ゼファーは毎週月曜の朝と、木曜の夕方に来る。本を読みながら二時間いて、帰るときに一言だけ「ありがとう」と言う。
シルヴィアは深夜に来る。いつも食事をして、コーヒーを飲んで、たまに「疲れた」とだけ言う。カインは「そうですか」と言う。それで終わる。
クレインは月に二、三度、昼過ぎに来る。最近は鎧を途中で預けてくるようになった。
彼らは互いに知り合いだったり、知らなかったりする。でもここでは誰も、他の客のことを話さない。
ある日、アレンとミレイアが同じ時間に来た。二人はかつて冒険者ギルドで顔を合わせたことがある間柄だったが、互いに相手の存在に気づいても、声はかけなかった。それぞれの仕切りの中で、それぞれのコーヒーを飲んだ。

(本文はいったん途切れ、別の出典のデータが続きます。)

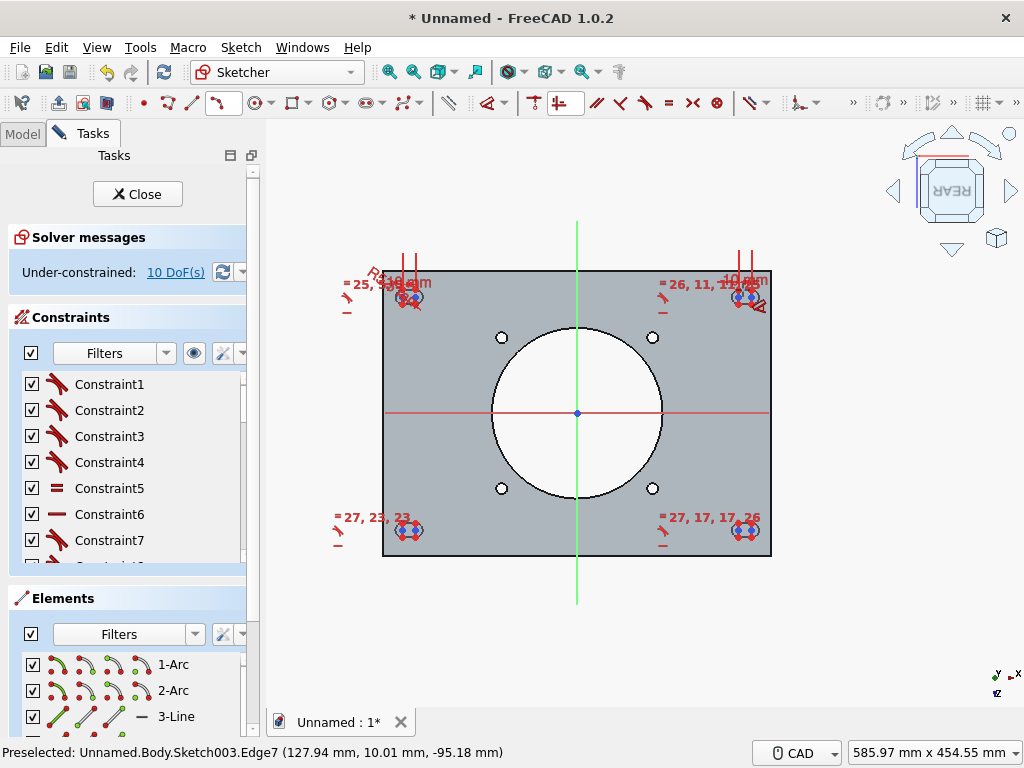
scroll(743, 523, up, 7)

その日の閉店後、カインはいつものように店を閉める準備をしていた。
椅子を上げ、床を拭き、カップを洗う。
一人でやる作業は静かで、カインは好きだった。
そこへ、裏口をノックする音がした。
「はい」
入ってきたのは、ゼファーだった。珍しい時間帯だ。
「少し、いいですか」
「どうぞ」
ゼファーはカウンター席に座った。カインはコーヒーを一杯淹れた。注文はなかったが、こういうときには必要だと思った。
「あなたは、どうしてこの仕事を?」
カインはコーヒーをゼファーの前に置いてから、答えた。
「必要とされると思ったので」
「どんな人間に?」
「強い人間に、です」
ゼファーはカップを両手で包むようにして持ちながら、続けた。
「強い人間は、弱さを見せる場所がないということですか」
「弱さというよりも、普通さを、かもしれません。強い人は、普通でいられる場所を持ちにくい」
ゼファーは少し考えてから言った。
「あなた自身は、どうですか。あなたには居場所がありますか」
カインは少し間を置いた。
「ここが、そうです」
「店が?」
「私にとっても、ここは仕事場であり居場所です。お客様がここを居場所にしてくださるから、私もここにいられる」
ゼファーはそれを聞いて、静かに息を吐いた。
「……なるほど。相互的だ」
「商売というのはたいていそういうものだと思います」
二人は、しばらく黙ってコーヒーを飲んだ。
閉店後の静かな店の中で、ランプの光がゆっくりと揺れた。
「あなたは、話すのが嫌いですか」とゼファーが聞いた。
「いいえ。ただ、必要な言葉だけを使うようにしています」
「それは、誰かに教わったのですか」
「経験から、です」
ゼファーはコーヒーを飲み干して、立ち上がった。
「今夜の話は、私の日記に書いていいですか」
「もちろんです」
「あなたの名前は書きません。『ある店主』と書きます」
「それで十分です」
学者は夜の路地へ消え、店主は一人でランプを消した。
静かな夜だった。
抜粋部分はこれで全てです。